A satisfying and healthy dinner for your little one and mummy or daddy too!
We can’t get enough of this tasty fish risotto recipe in our house at the moment! It’s perfect to make for two days (hello to less time cooking/preparing the next day!), or you can even make more and keep in your freezer for another day.
If your little one (or you!) are dairy free, white fish such as cod or haddock is a great way to ensure you’re getting a rich source of iodine within the diet, which we usually get from dairy sources, as it’s important for development and metabolism.
If you’re breastfeeding or pregnant, you’ll need 200mg a day of iodine, which is slightly higher than the general population at 150mg a day!
This tasty fish dish also contains two different vegetables (onions and peas!) and easy for your little one to scoop up with a spoon. For more tasty recipes suitable for Mummies, check out my latest posts over on @nicsnutrition.
Ingredients:
✔️ 2 cod fillets
✔️ 200g risotto rice
✔️ 500ml low salt vegetable stock
✔️ 1 tsp garlic
✔️ 150g frozen peas
✔️ 1 finely chopped onion
✔️ Tsp olive or rapeseed oil
Method:
- Bake the fish in the oven until fully cooked (as per the instructions on the packet!)
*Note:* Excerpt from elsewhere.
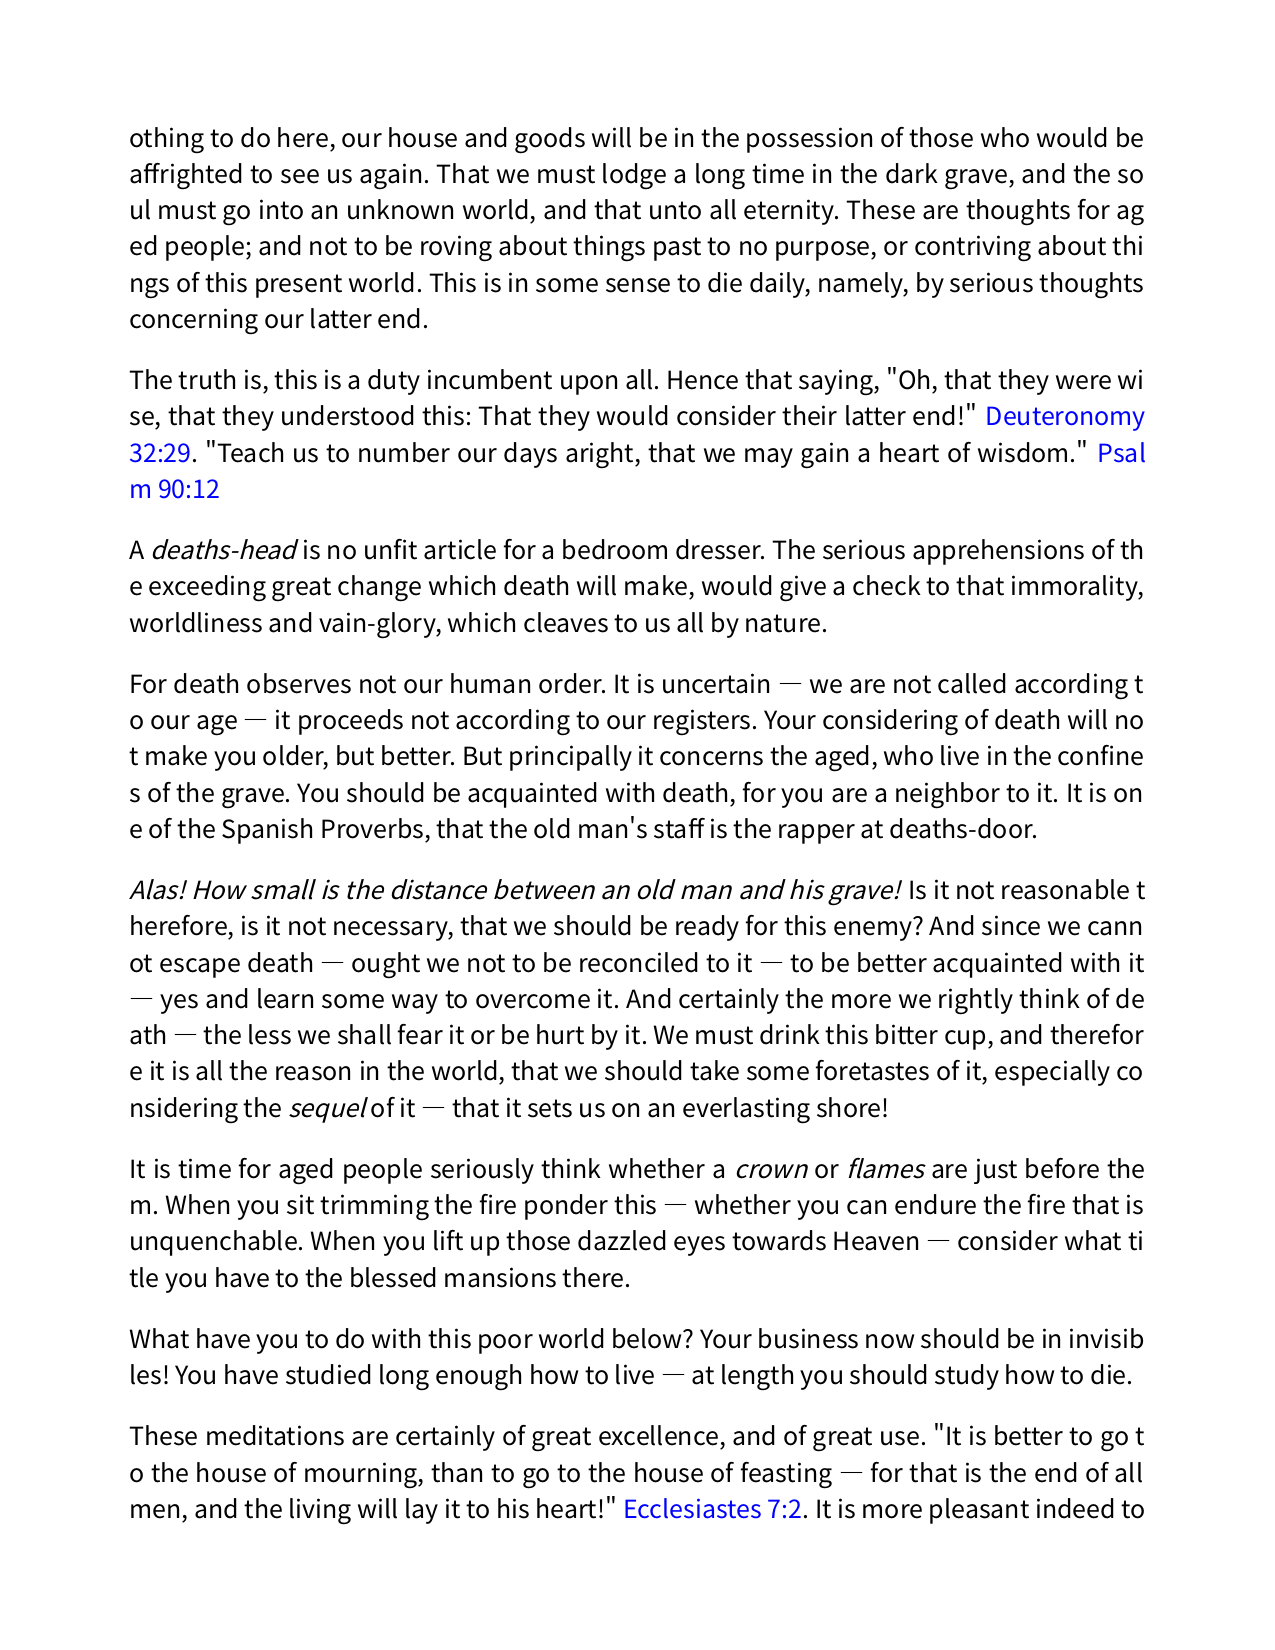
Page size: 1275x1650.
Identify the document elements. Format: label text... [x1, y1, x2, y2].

- Fry the onion in the oil until soft & add the garlic
- Add the risotto rice & fry for a few minutes
- Start adding the vegetable stock a bit at a time whilst stirring the rice until it is tender
- Add the peas & gently simmer for 20 minutes (add a little more water if needed!)
- Break up the fish (remove any skin first if needed) & add it to the risotto along with a knob of dairy-free spread to finish (& pepper if desired)
Storage:
This dish should be left to cool & popped in the fridge within 1 to 1.5 hours. It Once cooked, make sure to cool any leftovers as quickly as possible and pop into the fridge within an hour and a half. Use any leftovers kept in the fridge within 24 hours, or freeze to use at a later date. When you’re ready to use, defrost either overnight in the fridge or in the microwave. Once defrosted, add a splash of water & reheat in the microwave until steaming hot; which should take around 2 minutes (just make sure you stir regularly to heat evenly!).
I really hope this recipe is a new family favourite!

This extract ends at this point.